V. OPERATION FLOW OF THE ROBUST SYSTEM
The operation flow for the robust processing is executed to find the modules having malfunctions and reconfigure the circuit to avoid the malfunctions. At first, the whole system is checked whether it has malfunctions. The test patterns are put into test input ports. A test pattern to check the 'Module 1' (see Fig. 7 ) is given to the test input port. These data are given to each 'Module 1' and the output data from 'Module 1's are given to the 'Switch 1's. The buffer receives the data from 'Switch 1's and they are put out from test output ports. In the same way, the other modules are checked and information of the fault modules are given to the tester. According to the location information of the fault modules, the tester put the reconfiguration data out and the switches change the data flow to avoid malfunctions. If the system works correctly, it works on the EMM1. If the system doesn't work correctly, it means switches have malfunctions. When the switches have malfunctions, the circuit cannot be reconfigured. Therefore only the parallel lines having no malfunctions become active parallel lines. In such case, the system works on the EMM2.
VI. VITERBI DECODER AND EVALUATION
A block diagram of a high-speed Viterbi decoder is illustrated in Fig. 8 . The Viterbi decoder is constructed by an ACS (Add Compare Selector) module, a SVPM (Survivor Path Memory) module and a TBU (Trace Back Unit) module. The ACS selects the optimum path-metric, which indicates the minimum distance from the input data, and puts the survivor paths out. The SVPM memorizes the above path-metric information. The TBU executes the trace back processing. When higher throughput is demanded, the parallel processing can be adopted. This parallel Viterbi decoder realizes the n bit/clock. The result on logic synthesis of the Viterbi decoder is shown in Table II . This Viterbi decoder is designed by Verilog-HDL and the logic synthesis is executed by using the TSMC 0.25um standard cell library.

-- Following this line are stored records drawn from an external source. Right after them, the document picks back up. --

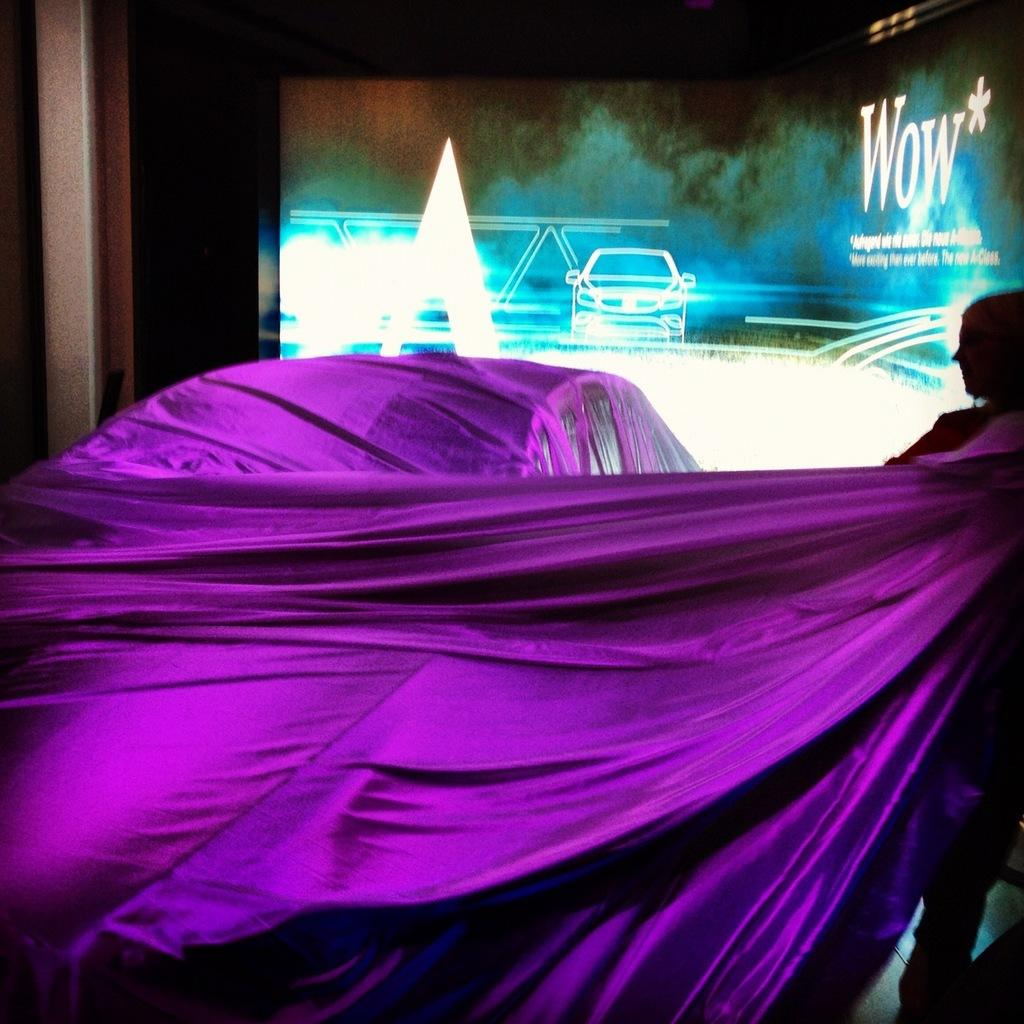What is the man in the image doing? The man is standing and pulling a cloth on a car. What can be seen in the background of the image? There is a screen with an advertisement in the background. What is the advertisement promoting? The advertisement is for the car. What feature of the car is visible in the image? The car has lights. Can you see any harbor or boats in the image? No, there is no harbor or boats present in the image. Is there a drum set visible in the image? No, there is no drum set present in the image. 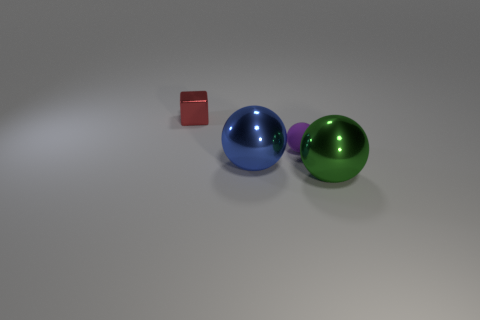Can you describe the materials that the spheres and the cube seem to be made of? The spheres and the cube appear to have a reflective surface, suggesting they might be made of materials like polished metal or plastic, common in computer-generated imagery for showcasing reflectivity and shine. What does the shadowing tell us about the light source in this scene? The shadowing in this scene indicates a diffused overhead light source, causing soft-edged shadows directly underneath the objects. This suggests the light source is not too close to the objects, allowing for a more even distribution of light. 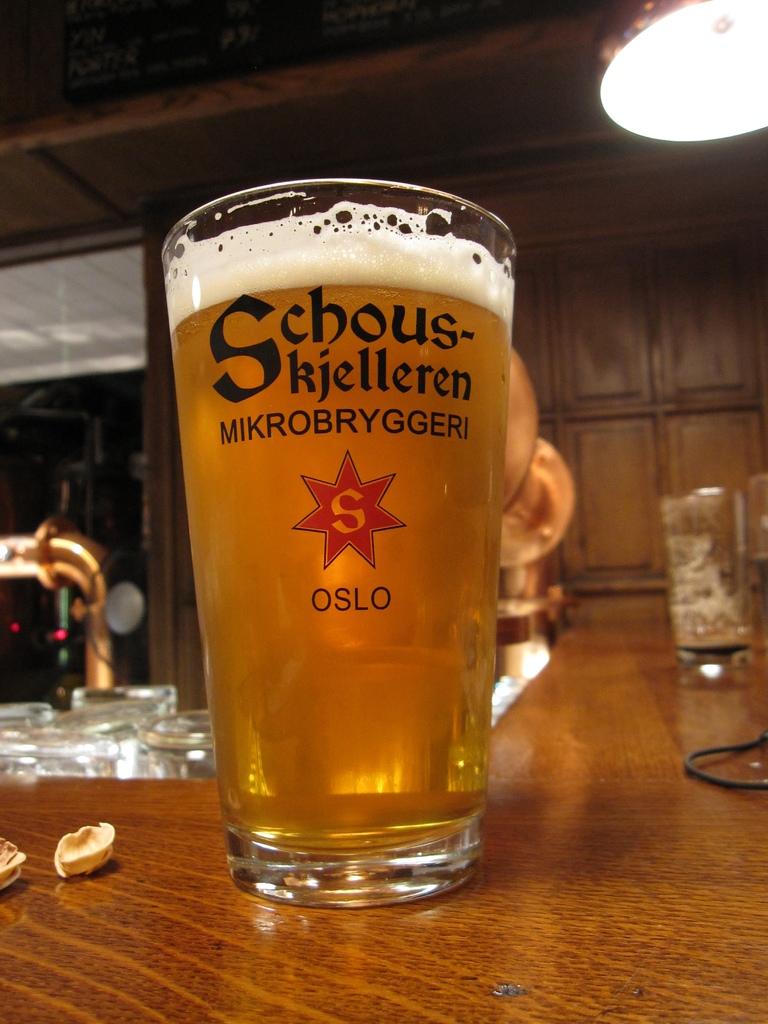What letter is in the red star on the glass?
Make the answer very short. S.

Figure 9 shows the robust Viterbi decoder based on the proposed architecture. Some switches and a buffer are added to the high-speed Viterbi decoder and they can reconfigure the circuit. The size of each module composing the robust Viterbi decoder and the percentage of the additional modules and the critical modules are shown in Table III . To evaluate the robustness, computer simulations are conducted. In the simulation, the parallel system adopting robust architecture is assumed. Some parts of the systems are broken at random and the number of active parallel lines is estimated. The number of "active parallel lines" leads to operating performance in case of malfunctions. The number of trial is 1000 times and the result is a mean value. The robust systems have the critical modules which must not be broken. In case such modules have malfunctions, the number of active parallel line is estimated as zero. Figure 10 shows the number of faults in the system and the number of active parallel lines of high-speed Viterbi decoder. The conventional architecture, which duplicates the same parallel blocks in Viterbi decoder twice (total 2N p blocks in Fig. 8 ), loses active parallel lines when the number of malfunctions increases. The proposed architecture ensures more active parallel lines and the circuit area is almost half of the duplicated decoder. The robust architecture is expected to increase active parallel lines further when it is adopted to the system whose modules are large.
VII. CONCLUSION In this paper, the robust VLSI architecture was proposed. The feature of the architecture is small size of additional modules and a few critical modules. The robust system achieves high performance to avoid malfunctions. The switches in which several modes are employed are newly applied for the realization of the robust architecture.